🤖 AI Summary
Automatic speech recognition (ASR) and audio-visual speech recognition (AVSR) models often fail to leverage visual cues robustly under noisy conditions, especially when lip movements are occluded or unavailable.
Method: This paper proposes a noise-aware and disentangled visual modeling framework grounded in generalized scene-level visual information. It is the first to exploit non-lip visual cues—such as background scene, illumination, and motion—to explicitly model noise sources without requiring frontal speaker visibility. We introduce an audio-visual collaborative multi-head attention bridging mechanism for end-to-end joint prediction of transcriptions and noise labels. Leveraging a pre-trained audio-visual encoder, we employ a scalable audio-visual pairing pipeline to ensure strong visual-noise correlation.

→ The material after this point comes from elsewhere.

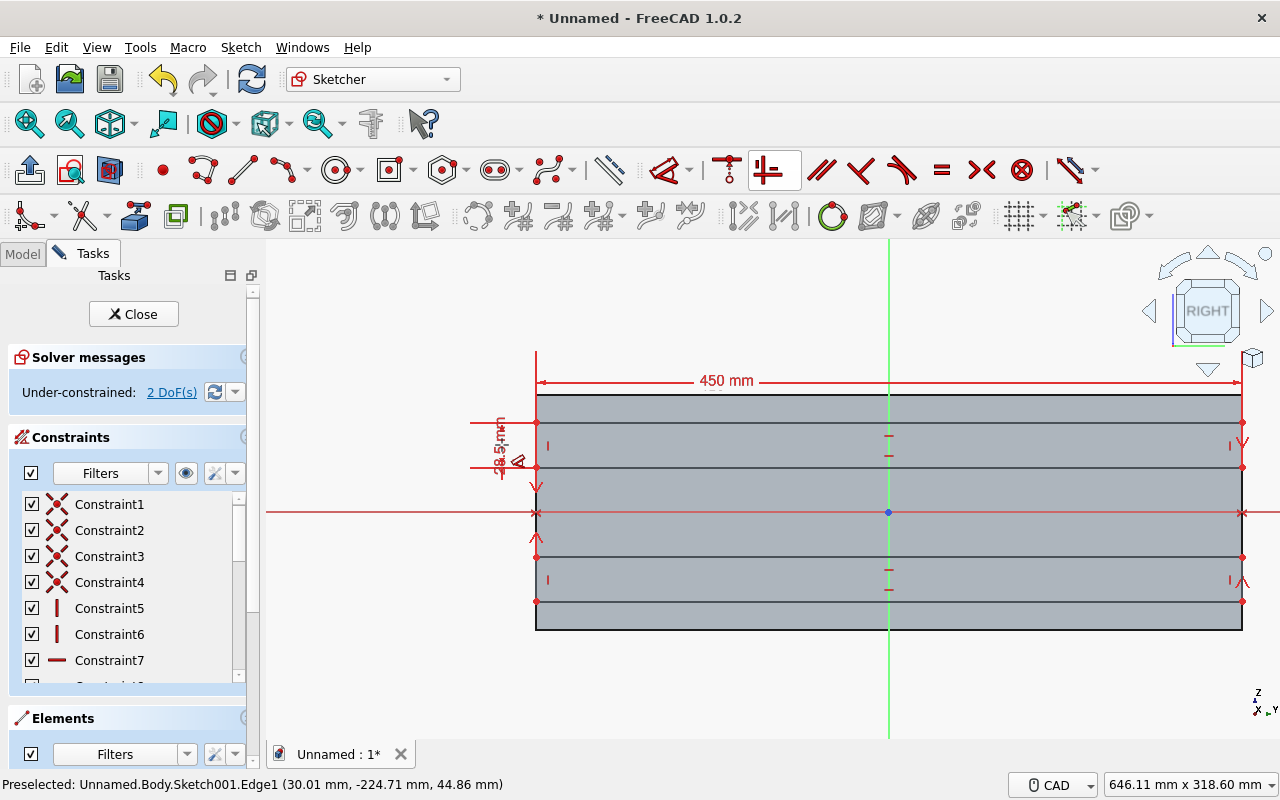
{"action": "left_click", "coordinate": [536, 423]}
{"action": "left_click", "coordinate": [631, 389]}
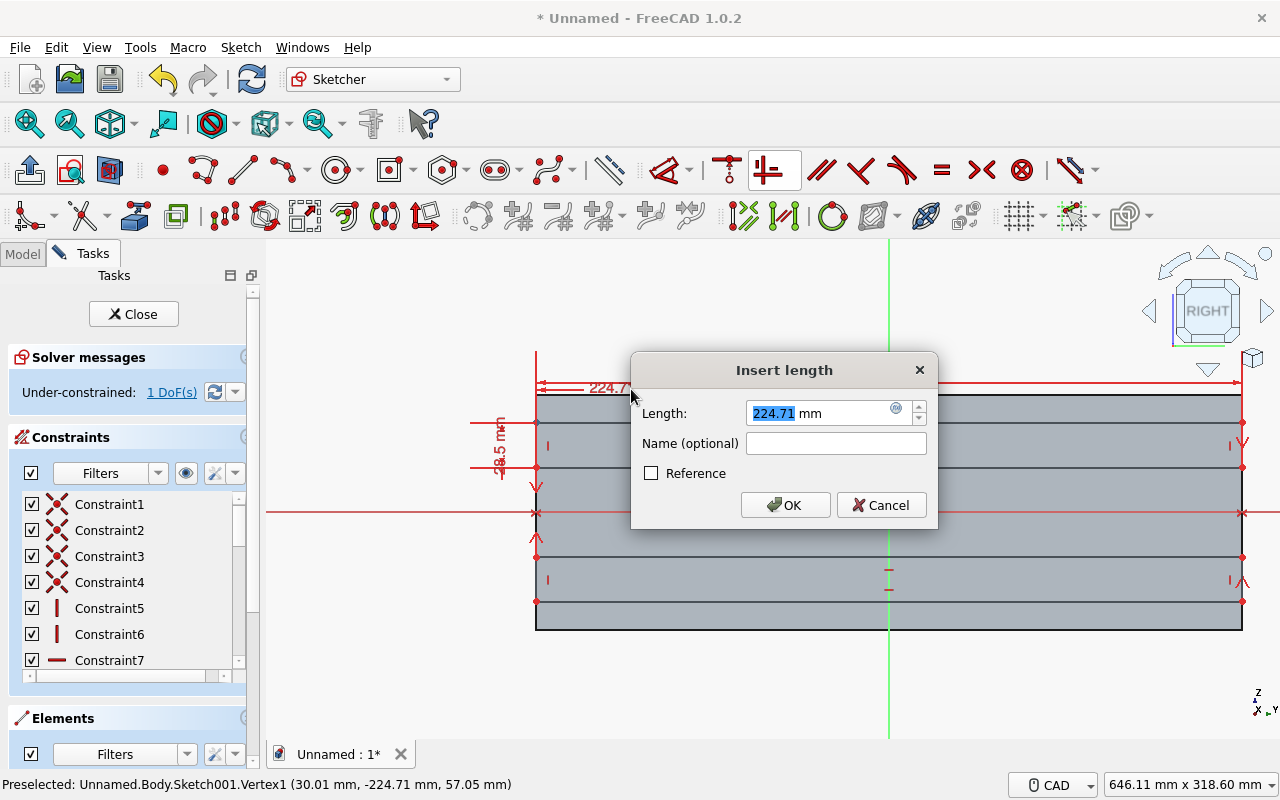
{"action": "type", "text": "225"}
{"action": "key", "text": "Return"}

Results: On multi-noise benchmarks, our method reduces word error rate (WER) by 23.6% relative to audio-only ASR, demonstrating that scene-level visual priors play a critical role in speech enhancement and noise-robust recognition.
📝 Abstract
Humans have the ability to utilize visual cues, such as lip movements and visual scenes, to enhance auditory perception, particularly in noisy environments. However, current Automatic Speech Recognition (ASR) or Audio-Visual Speech Recognition (AVSR) models often struggle in noisy scenarios. To solve this task, we propose a model that improves transcription by correlating noise sources to visual cues. Unlike works that rely on lip motion and require the speaker's visibility, we exploit broader visual information from the environment. This allows our model to naturally filter speech from noise and improve transcription, much like humans do in noisy scenarios. Our method re-purposes pretrained speech and visual encoders, linking them with multi-headed attention. This approach enables the transcription of speech and the prediction of noise labels in video inputs. We introduce a scalable pipeline to develop audio-visual datasets, where visual cues correlate to noise in the audio. We show significant improvements over existing audio-only models in noisy scenarios. Results also highlight that visual cues play a vital role in improved transcription accuracy.